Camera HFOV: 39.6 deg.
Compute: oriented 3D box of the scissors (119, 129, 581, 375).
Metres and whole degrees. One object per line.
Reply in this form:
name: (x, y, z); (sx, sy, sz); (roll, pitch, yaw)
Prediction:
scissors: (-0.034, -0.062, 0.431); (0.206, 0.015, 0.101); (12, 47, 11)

+--

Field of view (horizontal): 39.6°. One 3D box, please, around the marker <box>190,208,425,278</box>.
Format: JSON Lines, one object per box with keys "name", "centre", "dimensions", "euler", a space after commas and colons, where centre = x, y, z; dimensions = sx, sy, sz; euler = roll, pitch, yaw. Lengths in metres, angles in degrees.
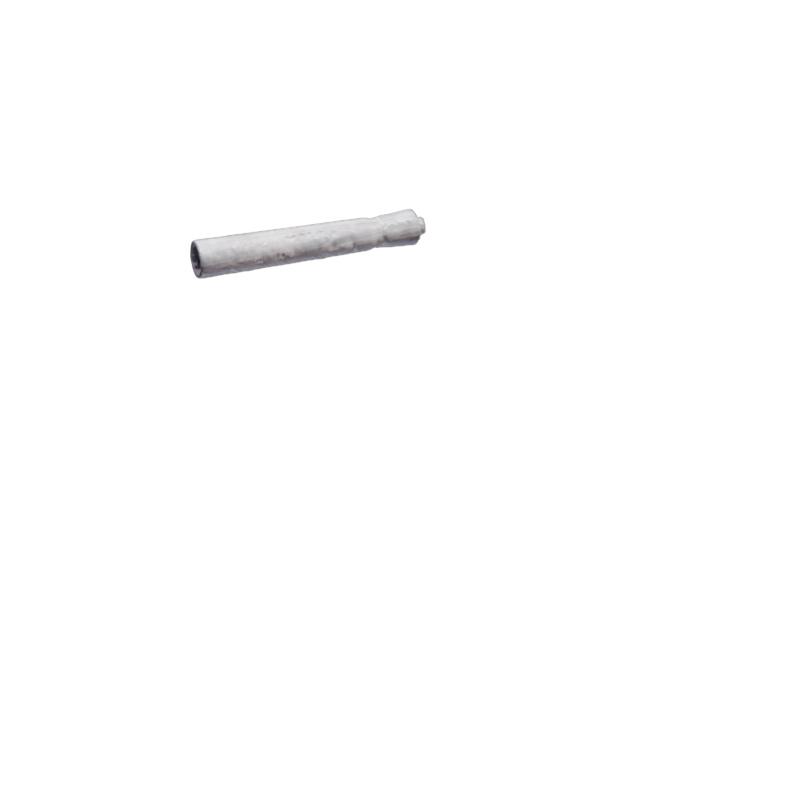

+--

> [What the task asks]:
Copy, from the lines above, each one that holds "object".

> [Response for this exercise]:
Metres and whole degrees. One object per line.
Format: JSON Lines, one object per box with keys "name", "centre", "dimensions", "euler", a space after commas and colons, where centre = x, y, z; dimensions = sx, sy, sz; euler = roll, pitch, yaw. Lengths in metres, angles in degrees.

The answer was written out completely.